Water Protectors occupied an intersection in downtown Bemidji Wednesday to put Gov. Dayton on notice that opposition to Enbridge Line 3 is not going away.

By Scott Russell

Approximately 50 Anishinaabe leaders, faith leaders, and environmental activists occupied an intersection in downtown Bemidji for about three hours Wednesday to continue to bring attention to the tremendous risks posed by the Enbridge Line 3 tar sands pipeline and to pressure Gov. Mark Dayton to take a stand opposing it.

Simultaneous to the Bemidji action, other water protectors occupied the anteroom at Dayton’s Capitol office with laptops to Live Stream the event. Twenty-six water protectors eventually received disorderly conduct citations from Bemidji police when they refused the order to disperse.

Dayton has declined to take a position on Line 3. For the past year, he has said he wanted to wait and let the Minnesota Public Utilities Commission (PUC) make its decision. That decision came in June, and it was irresponsible. The PUC went against the advice of state regulators and the Administrative Law Judge reviewing the proposal and approved Line 3.

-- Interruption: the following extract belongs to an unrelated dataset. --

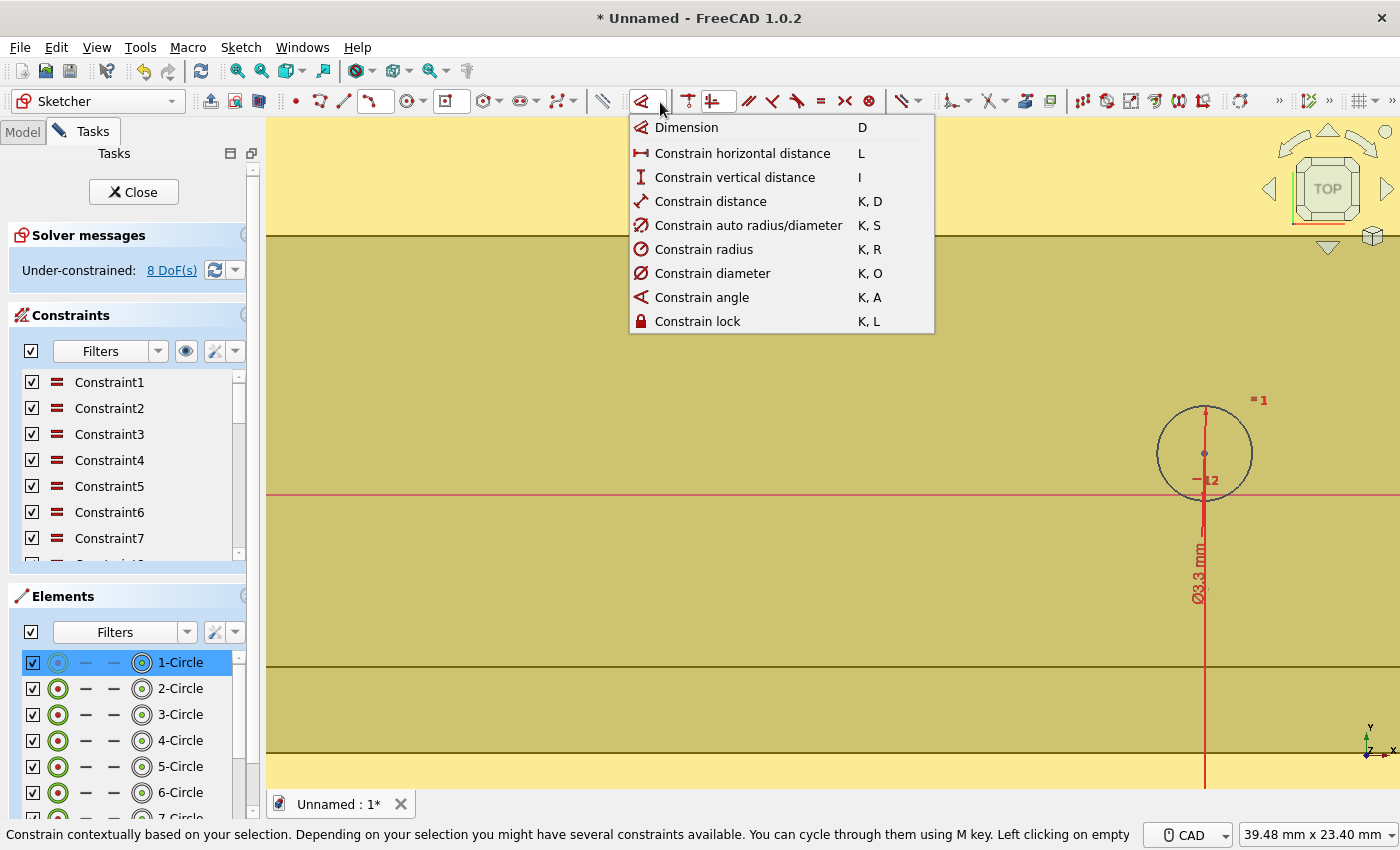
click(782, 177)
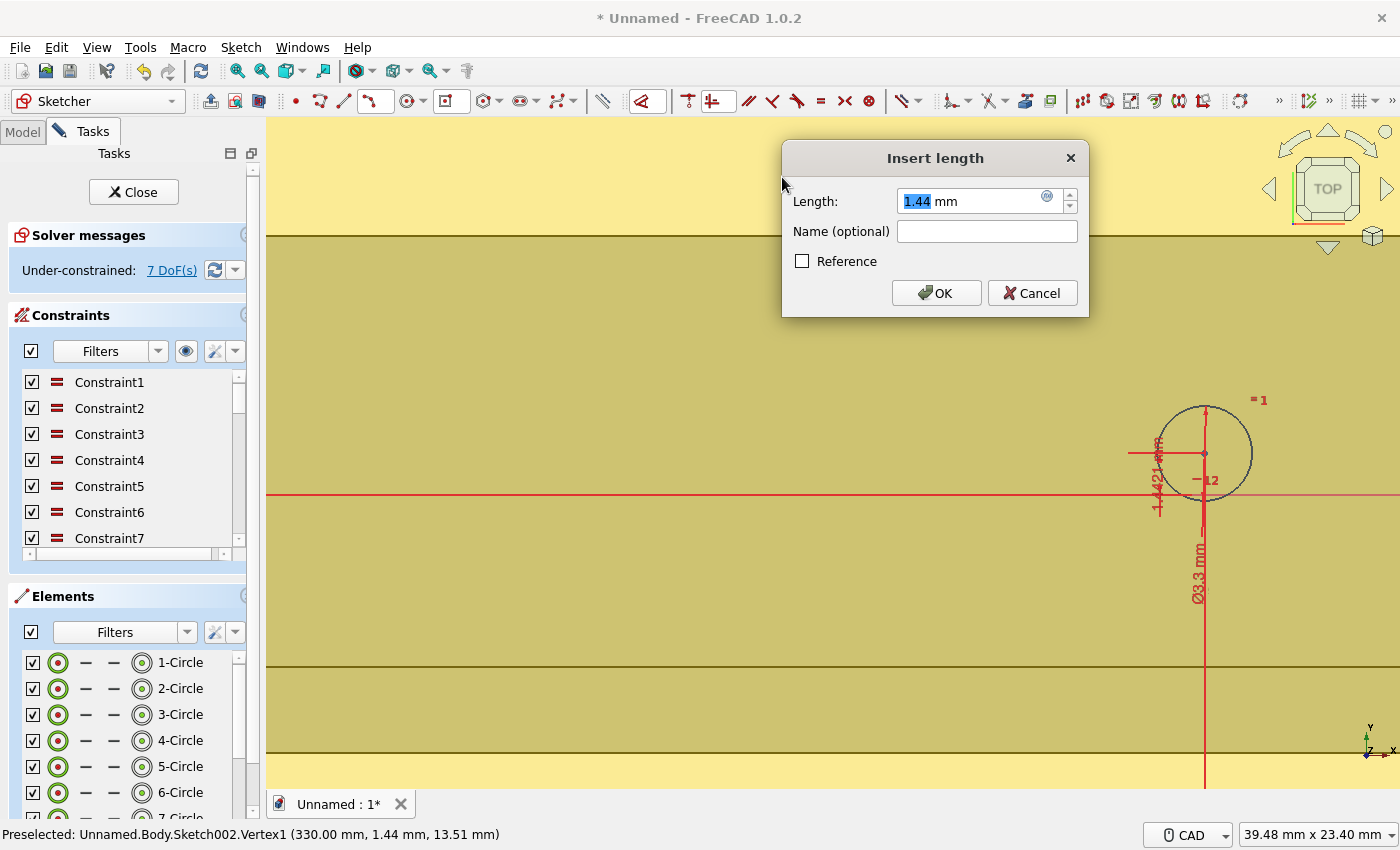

The project threatens Minnesota’s clean waters and the world’s climate. The main beneficiary is a large Canadian corporation.

Dayton’s silence is his tacit approval with the project moving forward. The action was meant to let Dayton know that opposition is not going away.

Call the Governor at 651-201-3400 or 800-657-3717 and let him know that you expect him to do everything in his power to ensure that the Line 3 tar sands pipeline is never built.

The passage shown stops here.